# Required work
Retype only the lines from the top of the records to the line with "Answer yes or no. Yes. Is Dark Orchid the", including that line but none of the pictures.

Items from a data source
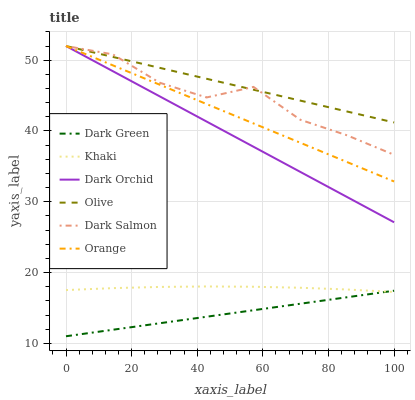Does Dark Green have the minimum area under the curve?
Answer yes or no. Yes. Does Olive have the maximum area under the curve?
Answer yes or no. Yes. Does Dark Salmon have the minimum area under the curve?
Answer yes or no. No. Does Dark Salmon have the maximum area under the curve?
Answer yes or no. No. Is Dark Green the smoothest?
Answer yes or no. Yes. Is Dark Salmon the roughest?
Answer yes or no. Yes. Is Dark Orchid the smoothest?
Answer yes or no. No. Is Dark Orchid the roughest?
Answer yes or no. No. Does Dark Green have the lowest value?
Answer yes or no. Yes. Does Dark Salmon have the lowest value?
Answer yes or no. No. Does Olive have the highest value?
Answer yes or no. Yes. Does Dark Green have the highest value?
Answer yes or no. No. Is Dark Green less than Orange?
Answer yes or no. Yes. Is Dark Orchid greater than Dark Green?
Answer yes or no. Yes. Does Orange intersect Dark Orchid?
Answer yes or no. Yes. Is Orange less than Dark Orchid?
Answer yes or no. No. Is Orange greater than Dark Orchid?
Answer yes or no. No. Does Dark Green intersect Orange?
Answer yes or no. No. 
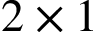Convert formula to latex. <formula><loc_0><loc_0><loc_500><loc_500>2 \times 1</formula> 
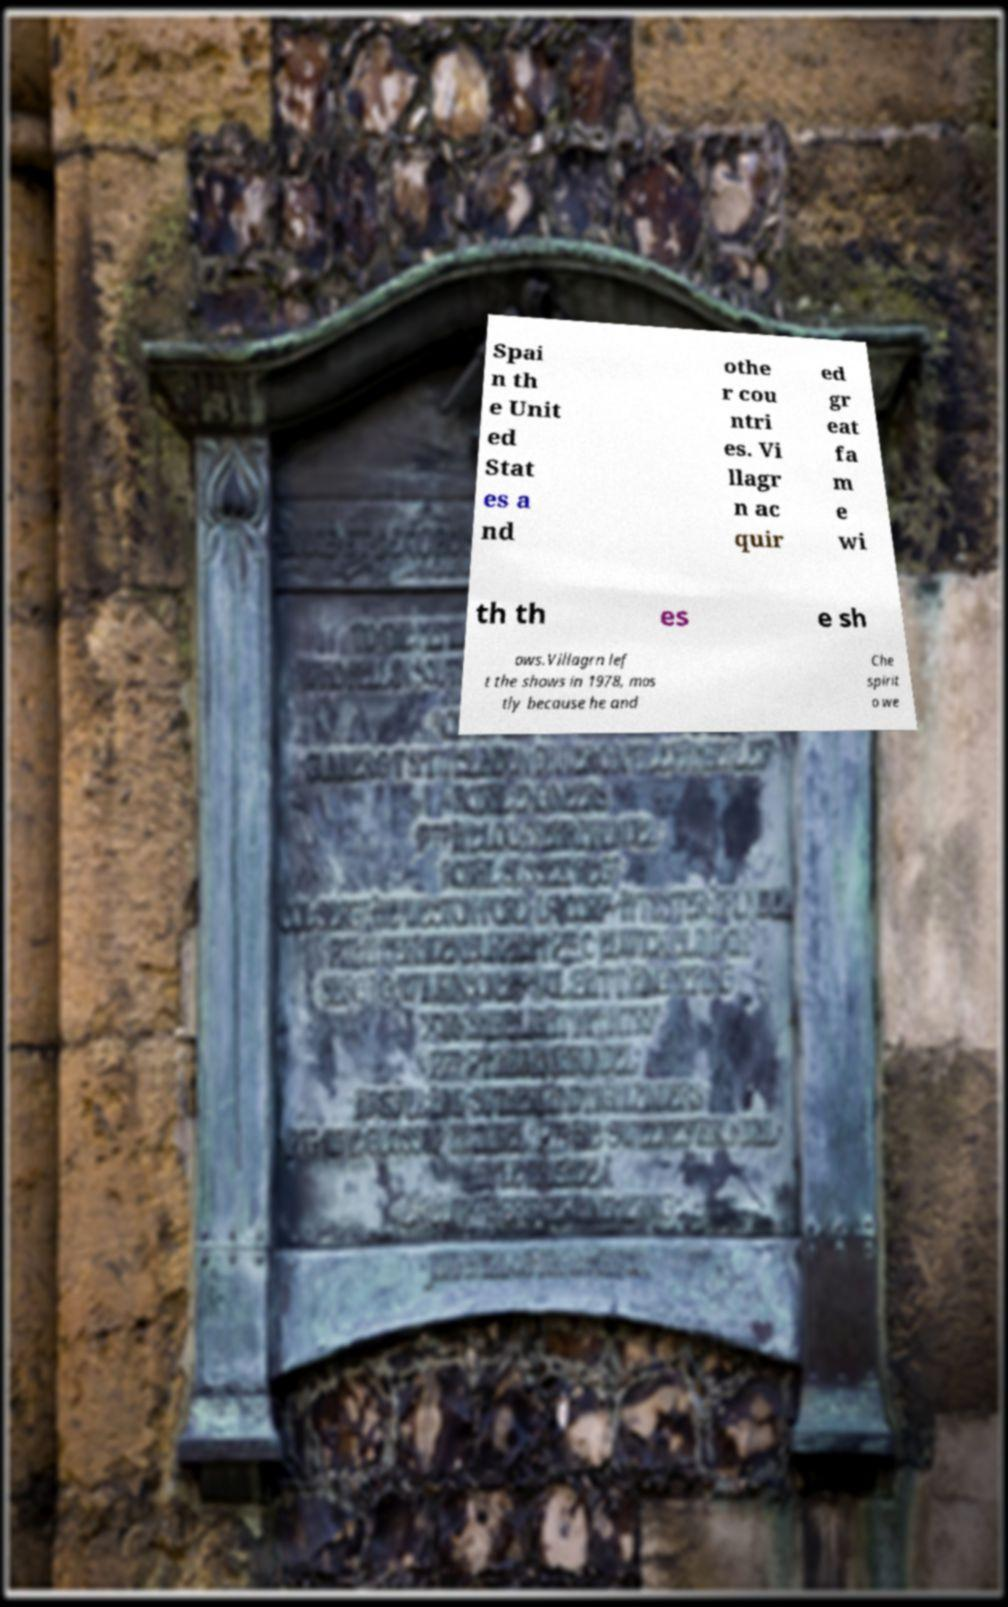What messages or text are displayed in this image? I need them in a readable, typed format. Spai n th e Unit ed Stat es a nd othe r cou ntri es. Vi llagr n ac quir ed gr eat fa m e wi th th es e sh ows.Villagrn lef t the shows in 1978, mos tly because he and Che spirit o we

# Exercise output
Does Dark Green have the minimum area under the curve?
Answer yes or no. Yes. Does Olive have the maximum area under the curve?
Answer yes or no. Yes. Does Dark Salmon have the minimum area under the curve?
Answer yes or no. No. Does Dark Salmon have the maximum area under the curve?
Answer yes or no. No. Is Dark Green the smoothest?
Answer yes or no. Yes. Is Dark Salmon the roughest?
Answer yes or no. Yes. Is Dark Orchid the smoothest?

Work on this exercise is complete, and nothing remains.